◆ WORK REQUIRED ◆
In the data below, which lines contain "agent"? List them by copying each one.

Records excerpted from a collection
_ _ _ _ _ _ _

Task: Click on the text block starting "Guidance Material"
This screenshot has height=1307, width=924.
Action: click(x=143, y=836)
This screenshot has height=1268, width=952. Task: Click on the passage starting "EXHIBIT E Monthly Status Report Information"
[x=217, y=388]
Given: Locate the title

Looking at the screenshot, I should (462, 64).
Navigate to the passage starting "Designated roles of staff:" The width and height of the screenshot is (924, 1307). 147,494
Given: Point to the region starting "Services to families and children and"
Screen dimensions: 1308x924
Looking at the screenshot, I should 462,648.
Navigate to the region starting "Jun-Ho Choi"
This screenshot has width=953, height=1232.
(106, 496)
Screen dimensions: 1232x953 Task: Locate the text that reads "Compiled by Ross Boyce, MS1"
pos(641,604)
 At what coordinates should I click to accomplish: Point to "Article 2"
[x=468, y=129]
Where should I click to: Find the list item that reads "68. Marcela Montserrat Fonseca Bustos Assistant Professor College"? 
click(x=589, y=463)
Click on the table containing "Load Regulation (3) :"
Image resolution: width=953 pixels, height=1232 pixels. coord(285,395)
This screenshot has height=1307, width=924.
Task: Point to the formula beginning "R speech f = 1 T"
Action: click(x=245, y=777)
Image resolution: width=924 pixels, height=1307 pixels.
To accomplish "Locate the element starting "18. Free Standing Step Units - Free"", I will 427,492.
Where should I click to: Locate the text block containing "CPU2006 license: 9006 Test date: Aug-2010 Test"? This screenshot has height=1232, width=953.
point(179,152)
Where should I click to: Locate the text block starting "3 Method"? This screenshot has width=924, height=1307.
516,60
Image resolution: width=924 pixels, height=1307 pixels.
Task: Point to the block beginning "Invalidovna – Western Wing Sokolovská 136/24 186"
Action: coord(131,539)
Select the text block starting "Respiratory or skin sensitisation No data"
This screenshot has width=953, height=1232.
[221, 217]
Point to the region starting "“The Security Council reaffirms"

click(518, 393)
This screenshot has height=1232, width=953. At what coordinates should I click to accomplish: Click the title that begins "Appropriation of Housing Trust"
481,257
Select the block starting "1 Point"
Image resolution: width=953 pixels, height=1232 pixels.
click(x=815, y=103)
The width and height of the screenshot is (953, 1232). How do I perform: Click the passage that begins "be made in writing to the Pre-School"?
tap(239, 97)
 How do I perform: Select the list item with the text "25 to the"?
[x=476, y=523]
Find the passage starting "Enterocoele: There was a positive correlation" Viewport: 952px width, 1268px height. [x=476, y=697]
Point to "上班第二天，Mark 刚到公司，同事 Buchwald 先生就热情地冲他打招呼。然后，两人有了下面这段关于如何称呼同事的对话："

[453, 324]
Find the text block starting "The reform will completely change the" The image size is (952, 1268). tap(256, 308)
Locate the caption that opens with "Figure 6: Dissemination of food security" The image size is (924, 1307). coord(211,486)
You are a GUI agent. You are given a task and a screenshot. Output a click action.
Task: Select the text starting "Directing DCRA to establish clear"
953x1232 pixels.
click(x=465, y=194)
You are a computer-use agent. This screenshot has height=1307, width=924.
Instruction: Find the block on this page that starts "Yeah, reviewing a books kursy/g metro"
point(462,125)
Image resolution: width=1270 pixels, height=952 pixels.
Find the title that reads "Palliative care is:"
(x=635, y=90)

_ _ _ _ _ _ _

◆ EXPECTED OUTPUT ◆
You are a GUI agent. You are given a task and a screenshot. Output a click action.
You are a computer-use agent. This screenshot has height=1307, width=924.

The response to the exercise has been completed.